Die Märkte erleben einen wahren Boom und brechen Jahr für Jahr Besucherrekorde. Zürich mausert sich gar zu einer Weihnachtsmetropole. «In Zürich stiegen die Logiernächte im Dezember in den letzten fünf Jahren um über 20 Prozent an», sagt Martin Sturzenegger, Präsident von Zürich Tourismus, zu Radio Energy.

Vorfreude das ganze Jahr

Die Standbetreiber freuen sich besonders auf heute Abend. «Die Weihnachtszeit treibt die Leute automatisch an die Märkte.
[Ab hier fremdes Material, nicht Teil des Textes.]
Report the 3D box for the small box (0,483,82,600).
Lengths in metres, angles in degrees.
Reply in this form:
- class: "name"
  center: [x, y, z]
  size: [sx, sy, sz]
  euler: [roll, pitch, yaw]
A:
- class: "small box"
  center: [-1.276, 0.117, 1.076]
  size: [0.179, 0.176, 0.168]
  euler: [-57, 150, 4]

Die Eröffnung wird ein grosses Highlight für uns», sagt Sean Pfister von Dilly Socks in Zürich. Auch Claudio Tessaro von Luma Delikatessen ist froh, dass es endlich losgeht: «Wir freuen uns das ganze Jahr auf unseren Standbetrieb. Wir sind wie eine kleine Familie und haben viel Freude am Weihnachtszauber.»

Das Wetter allerdings ist noch nicht weihnächtlich. Statt Kälte und Schnee herrschen fast sommerliche Temperaturen. Ähnlich war es letztes Jahr. Die Folge: Kaum jemand trank Glühwein oder kaufte Wollmützen.
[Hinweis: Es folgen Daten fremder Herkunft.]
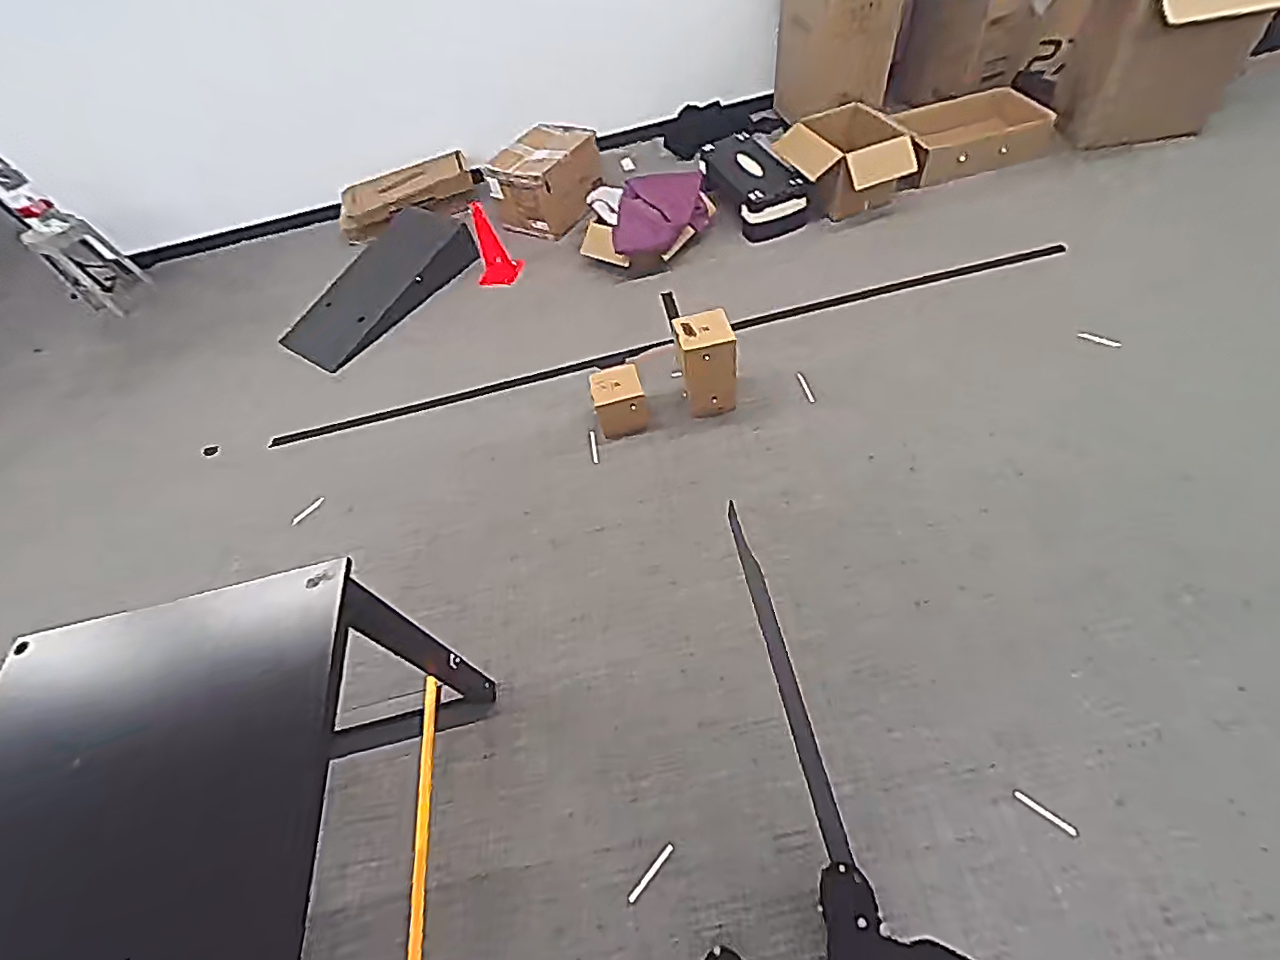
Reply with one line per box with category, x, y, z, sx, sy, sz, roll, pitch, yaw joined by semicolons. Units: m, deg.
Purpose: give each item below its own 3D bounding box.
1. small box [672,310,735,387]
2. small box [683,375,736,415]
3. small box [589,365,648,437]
small box;0.215;-0.434;1.806;0.179;0.176;0.168;-13;54;0
small box;0.247;-0.354;1.949;0.168;0.176;0.179;-12;54;2
small box;-0.073;-0.283;1.957;0.179;0.176;0.168;-15;53;1
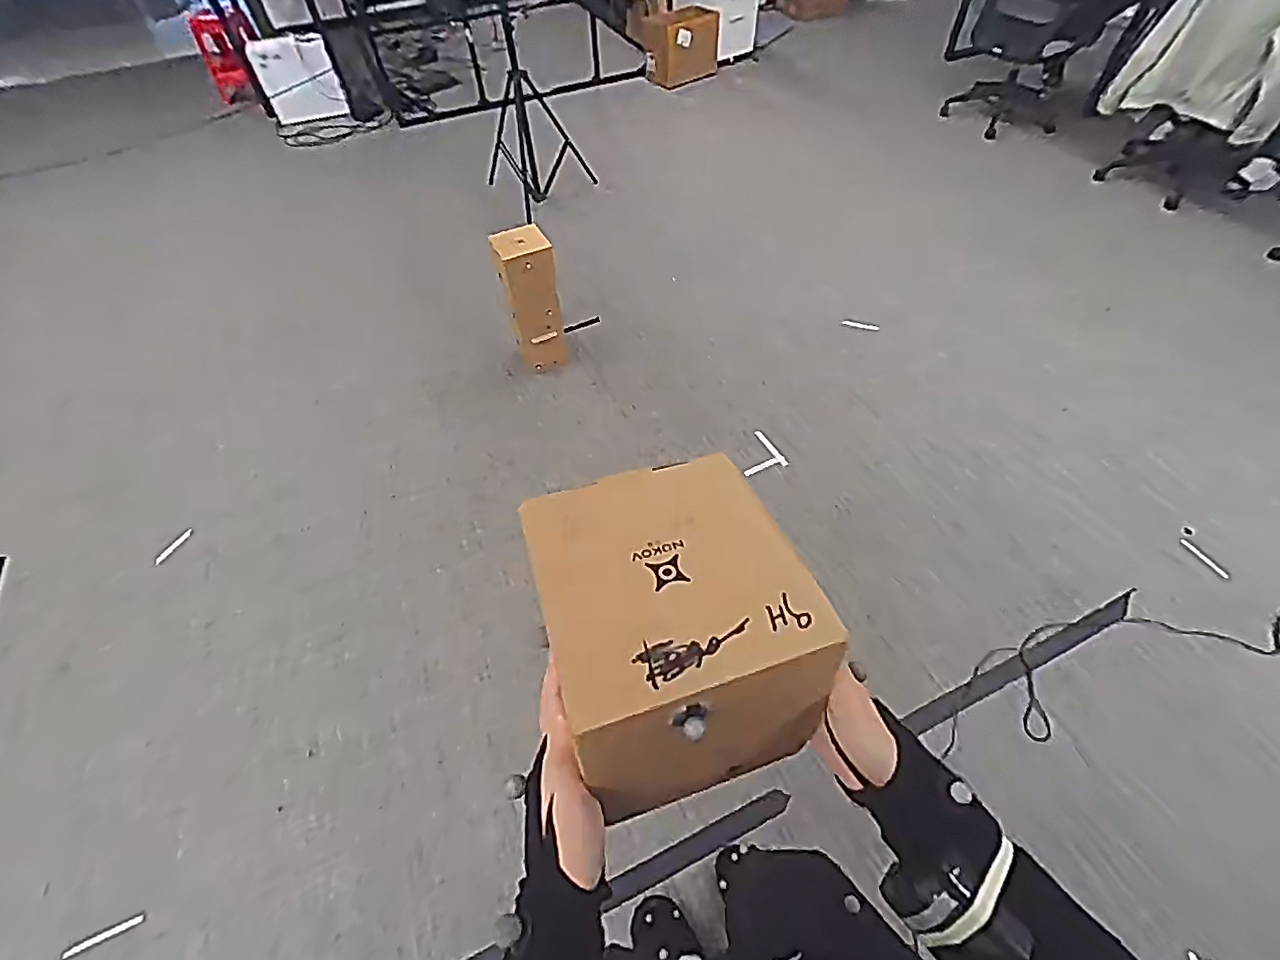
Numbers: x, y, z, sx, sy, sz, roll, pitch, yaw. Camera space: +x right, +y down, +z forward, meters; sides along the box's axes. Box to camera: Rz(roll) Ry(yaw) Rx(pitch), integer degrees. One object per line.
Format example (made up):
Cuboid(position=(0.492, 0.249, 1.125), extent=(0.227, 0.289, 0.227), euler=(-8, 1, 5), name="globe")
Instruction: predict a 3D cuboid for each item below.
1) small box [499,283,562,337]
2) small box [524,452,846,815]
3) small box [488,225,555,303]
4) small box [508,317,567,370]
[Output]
Cuboid(position=(-0.404, -0.653, 2.013), extent=(0.168, 0.176, 0.179), euler=(-24, 56, -15), name="small box")
Cuboid(position=(0.019, 0.109, 0.404), extent=(0.168, 0.176, 0.179), euler=(-15, 44, -11), name="small box")
Cuboid(position=(-0.406, -0.751, 1.883), extent=(0.179, 0.176, 0.168), euler=(-24, 58, -15), name="small box")
Cuboid(position=(-0.401, -0.558, 2.144), extent=(0.168, 0.176, 0.179), euler=(-24, 57, -14), name="small box")

«Dafür bleiben die Leute länger auf dem Markt, wenn es nicht so kalt ist», sagt Burgerverkäufer Tessaro: Und Vittoria Hengartner von Praliné Scherrer meint: «Die schöne Atmosphäre am Weihnachtsmarkt zieht jeden in den Bann.» Und: Bis Dienstag fallen die Temperaturen fast bis auf den Gefrierpunkt.

Bern, Neuenburg und Rapperswil Jona ziehen nach

Manche Städte müssen sich allerdings noch gedulden, bis auch dort die Glühweinverkäufer ihre Zelte aufschlagen. In Bern und Neuenburg geht der Winterzauber erst in einer Woche los. In Rapperswil-Jona SG startet der Christchindlimärt sogar erst am 9. Dezember.

Voll im Weihnachtsfieber war auch ein Autofahrer, der heute Vormittag über die Autobahn in Zürich-Nord fuhr. Sein Audi war vollbepackt mit Christbäumen. Zu seinem Glück kam er nicht in eine Polizeikontrolle.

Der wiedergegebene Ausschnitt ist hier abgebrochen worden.